Marshall's law practice during this pivotal year was fairly profitable. He thus sums up his earnings and outlay, "Recḍin the year 1788 1169.05; and expended in year 1788, 515-13-7" which left Marshall more than 653 pounds or about $1960 Virginia currency clear profit for the year.[462]

The following year (1789) he did a little better, his net profit being a trifle over seven hundred pounds, or about $2130 Virginia currency. In 1790 he earned a few shillings more than 1427 pounds and had about $2400 Virginia currency remaining, after paying all expenses. In 1791 he did not do so well, yet he cleared over $2200 Virginia currency. In 1792 his earnings fell off a good deal, yet he earned more than he expended, over 402 pounds (a little more than $1200 Virginia currency).
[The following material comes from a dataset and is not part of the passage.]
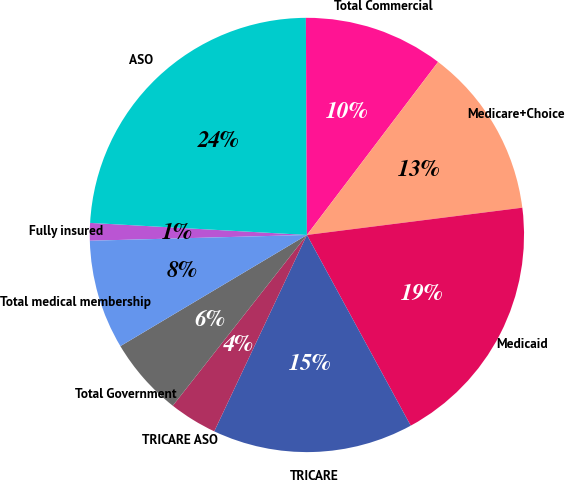Convert chart to OTSL. <chart><loc_0><loc_0><loc_500><loc_500><pie_chart><fcel>Fully insured<fcel>ASO<fcel>Total Commercial<fcel>Medicare+Choice<fcel>Medicaid<fcel>TRICARE<fcel>TRICARE ASO<fcel>Total Government<fcel>Total medical membership<nl><fcel>1.31%<fcel>24.04%<fcel>10.4%<fcel>12.67%<fcel>19.07%<fcel>14.95%<fcel>3.58%<fcel>5.85%<fcel>8.13%<nl></chart> 
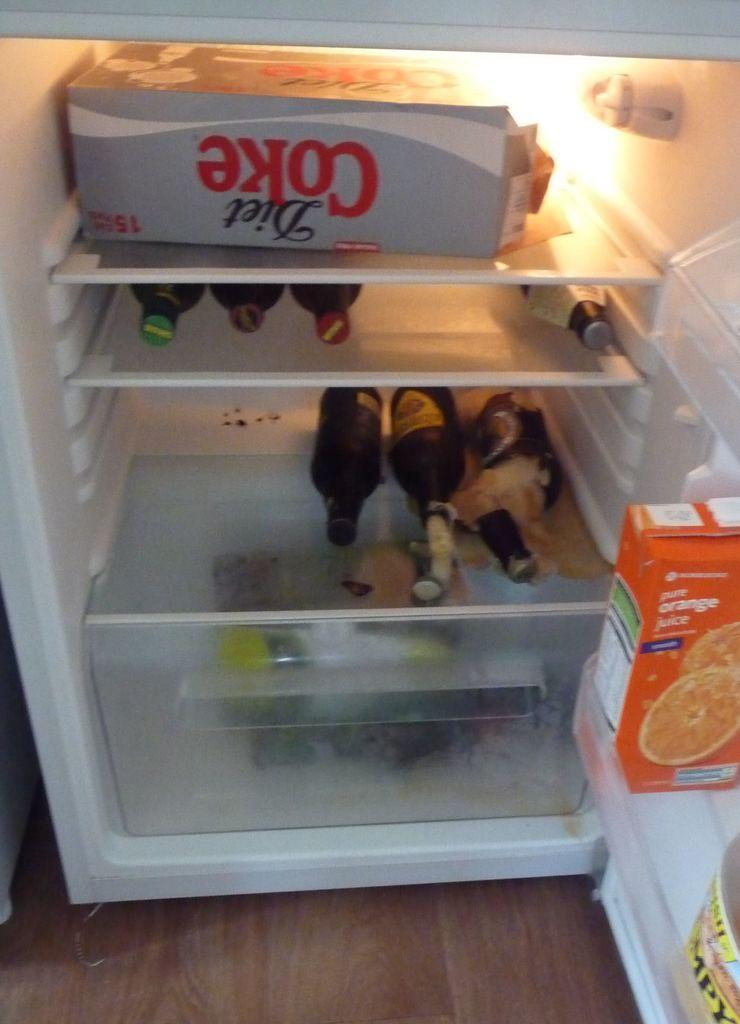What type of appliance is visible in the image? There is a refrigerator in the image. How is the refrigerator positioned in the image? The refrigerator is placed on the floor. What is the state of the refrigerator door in the image? The refrigerator door is opened. What types of items can be seen inside the refrigerator? There are boxes and bottles inside the refrigerator. What type of boats are being discussed in the meeting taking place in front of the refrigerator? There is no meeting or boats present in the image; it only features a refrigerator with an opened door.

In 1793 Marshall was slightly more successful, buthis expenses also increased, and he ended this year with a trifle less than 400 pounds clear profit. He makes no summary in 1794, but his Account Book shows that he no more than held his own. This business barometer does not register beyond the end of 1795,[463]and there is no further evidence than the general understanding current in Richmond as to the amount of his earnings after this date. La Rochefoucauld reported in 1797 that "Mr. Marshall does not, from his practice, derive above four or five thousand dollars per annum and not even that sum every year."[464]We may take this as a trustworthy estimate of Marshall's income; for the noble French traveler and student was thorough in his inquiries and took great pains to verify his statements.
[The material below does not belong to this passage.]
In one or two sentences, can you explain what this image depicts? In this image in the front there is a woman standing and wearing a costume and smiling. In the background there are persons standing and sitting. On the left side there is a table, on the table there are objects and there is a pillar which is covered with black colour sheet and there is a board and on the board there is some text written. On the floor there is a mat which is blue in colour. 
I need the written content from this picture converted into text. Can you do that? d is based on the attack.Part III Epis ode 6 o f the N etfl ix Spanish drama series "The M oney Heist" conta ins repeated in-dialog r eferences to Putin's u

In 1789 Marshall bought the tract of land amounting to an entire city "square" of two acres,[465]on which, four years later, he built the comfortable brick residence where he lived, while in Richmond, during the remainder of his life. This house still stands (1916) and is in excellent repair. It contains nine rooms, most of them commodious, and one of them of generous dimensions where Marshall gave the "lawyer dinners" which, later, became so celebrated. This structure was one of a number of the important houses of Richmond.[466]Near by were the residences of Colonel Edward Carrington, Daniel Call, an excellent lawyer, and George Fisher, a wealthy merchant; these men had married the three sisters of Marshall's wife. The house of Jacquelin Ambler was also one of this cluster of dwellings. So that Marshall was in daily association with four men to whom he was related by marriage, a not negligible circumstance; for every one of them was a strong and successful man, and all of them were, like Marshall, pronounced Federalists. Their views and tastes were the same, they mutually aided and supported one another; and Marshall was, of course, the favorite of this unusual family group.
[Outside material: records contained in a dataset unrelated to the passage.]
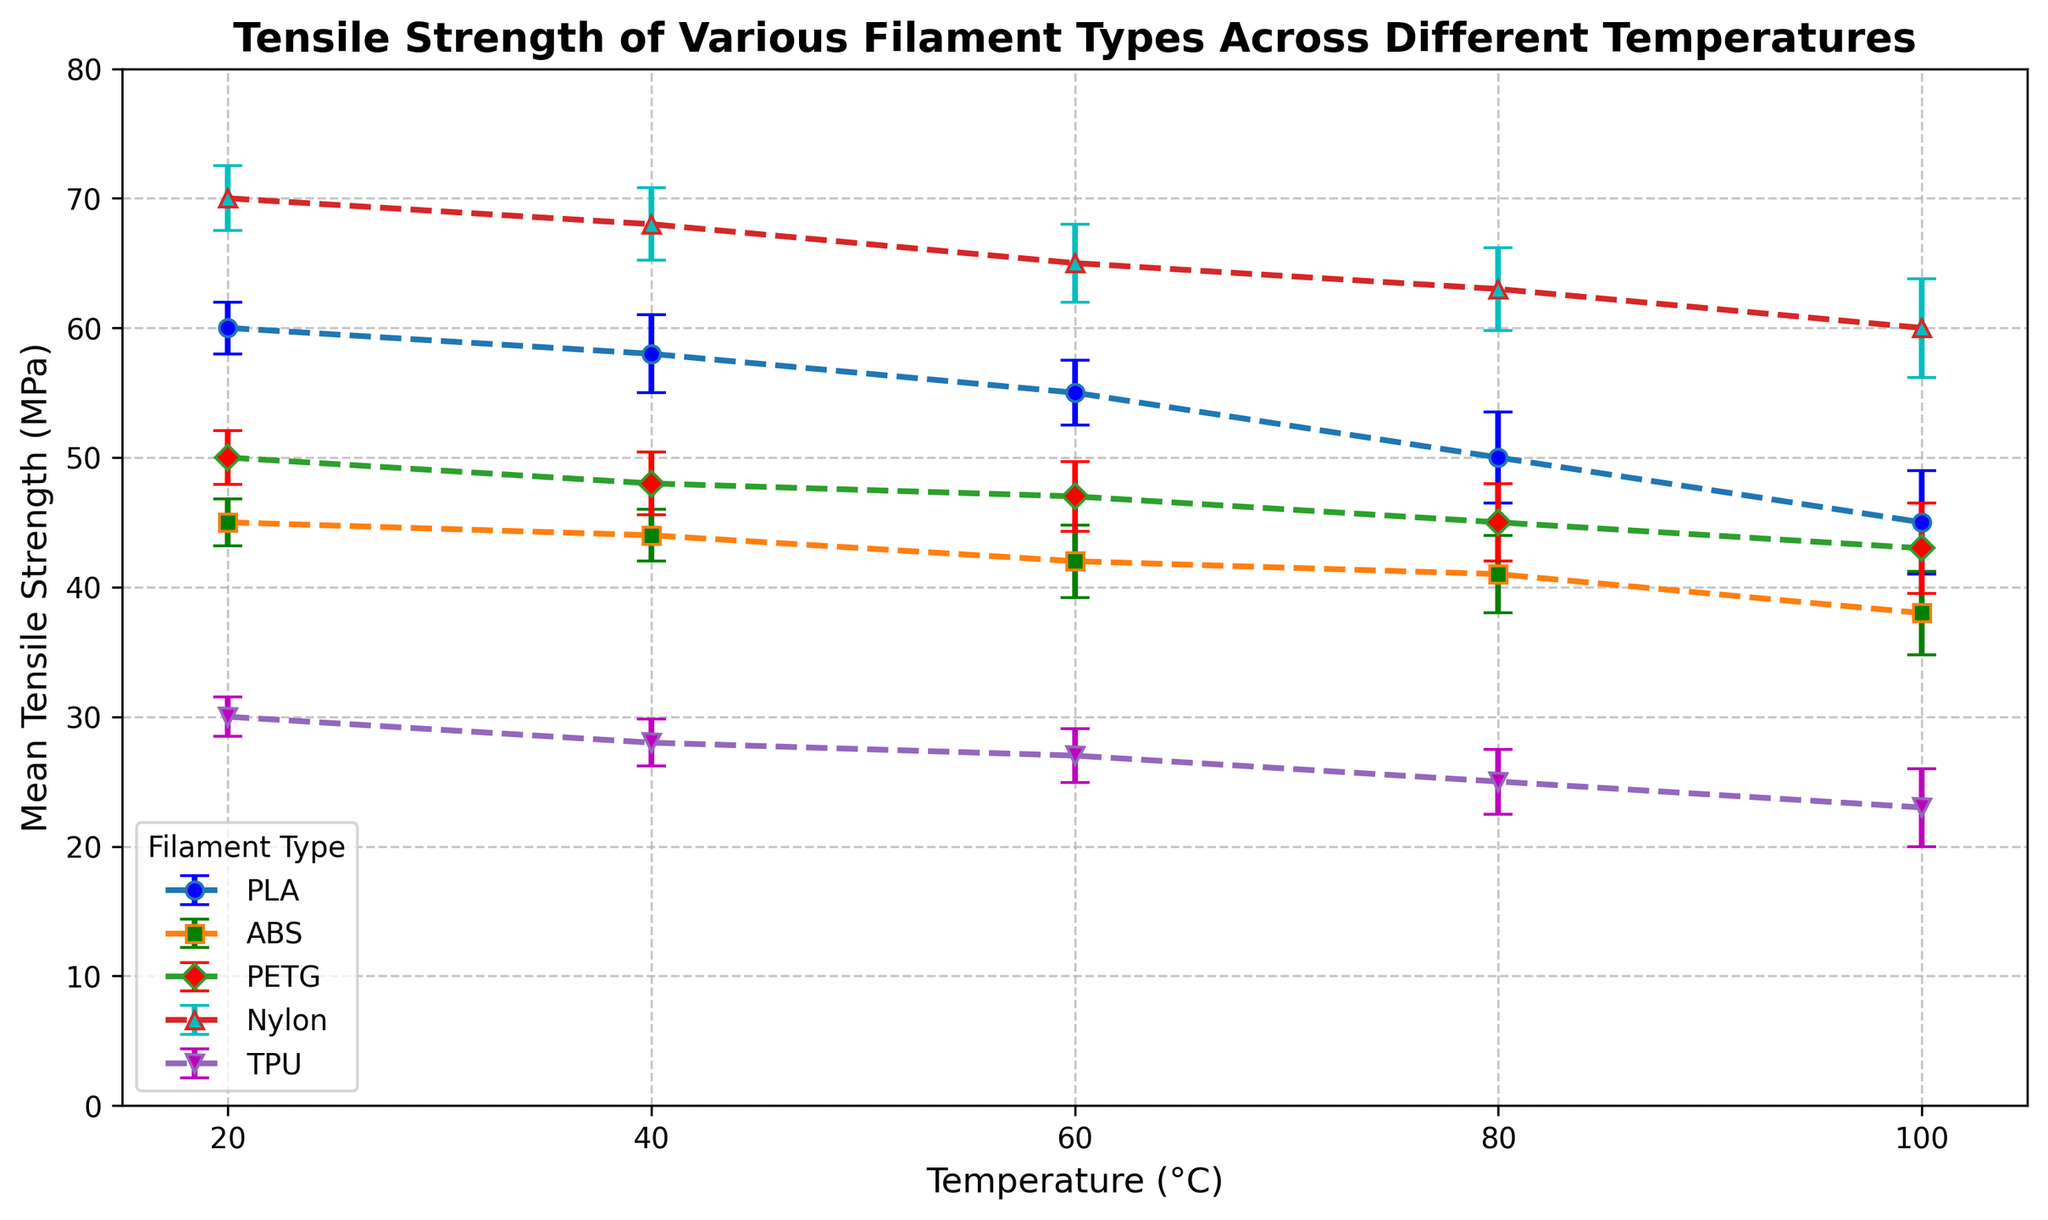What is the tensile strength of PLA at 60°C? The chart shows error bars representing the mean tensile strength and standard deviation for each filament type at different temperatures. For PLA at 60°C, the mean tensile strength is shown as 55 MPa.
Answer: 55 MPa Which filament has the highest mean tensile strength at 20°C? To determine this, you need to compare the mean tensile strengths of all filaments at 20°C. Nylon has the highest mean tensile strength at 20°C, which is 70 MPa.
Answer: Nylon How does the mean tensile strength of ABS change from 20°C to 100°C? You need to look at the mean tensile strengths of ABS at 20°C and 100°C and calculate the difference. At 20°C, the mean tensile strength is 45 MPa, and at 100°C, it is 38 MPa. The change is 45 - 38 = 7 MPa decrease.
Answer: Decreases by 7 MPa Which filament type shows the smallest change in mean tensile strength from 20°C to 100°C? You examine the change in mean tensile strength for each filament from 20°C to 100°C. PLA changes by 60-45=15 MPa, ABS by 45-38=7 MPa, PETG by 50-43=7 MPa, Nylon by 70-60=10 MPa, and TPU by 30-23=7 MPa. The smallest change is 7 MPa, observed in ABS, PETG, and TPU.
Answer: ABS, PETG, TPU What is the mean tensile strength of TPU at 40°C and 80°C combined? You add the mean tensile strengths of TPU at 40°C and 80°C: 28 MPa at 40°C and 25 MPa at 80°C. So, the combined mean tensile strength is 28 + 25 = 53 MPa.
Answer: 53 MPa Which filament type has the largest standard deviation in tensile strength at 100°C? You need to compare the standard deviations of each filament type at 100°C. PLA has 4 MPa, ABS has 3.2 MPa, PETG has 3.5 MPa, Nylon has 3.8 MPa, and TPU has 3.0 MPa. PLA has the largest standard deviation at 100°C, which is 4 MPa.
Answer: PLA What is the average mean tensile strength of PETG and ABS at 60°C? To find the average mean tensile strength of PETG and ABS at 60°C, you add their mean tensile strengths and divide by 2. PETG has 47 MPa, and ABS has 42 MPa. The average is (47 + 42) / 2 = 44.5 MPa.
Answer: 44.5 MPa Between PLA and Nylon, which filament shows a greater decrease in mean tensile strength from 20°C to 60°C? Calculate the decrease for each filament: PLA’s decrease is 60 - 55 = 5 MPa, and Nylon’s decrease is 70 - 65 = 5 MPa. Both show the same decrease.
Answer: Both show the same decrease

In the same locality lived the Leighs, Wickhams, Ronalds, and others, who, with those just mentioned, formed the intellectual and social aristocracy of the little city.[467]Richmond grew rapidly during the first two decades that Marshall lived there. From the village of a few hundred people abiding in small wooden houses, in 1783, the Capital became, in 1795, a vigorous town of six thousand inhabitants, dwelling mostly in attractive brick residences.[468]This architectural transformation was occasioned by a fire which, in 1787, destroyed most of the buildings in Richmond.[469]Business kept pace with the growth of the city, wealth gradually and healthfully accumulated, and the comforts of life appeared. Marshall steadily wove his activities into those of the developing Virginia metropolis and his prosperity increased in moderate and normal fashion.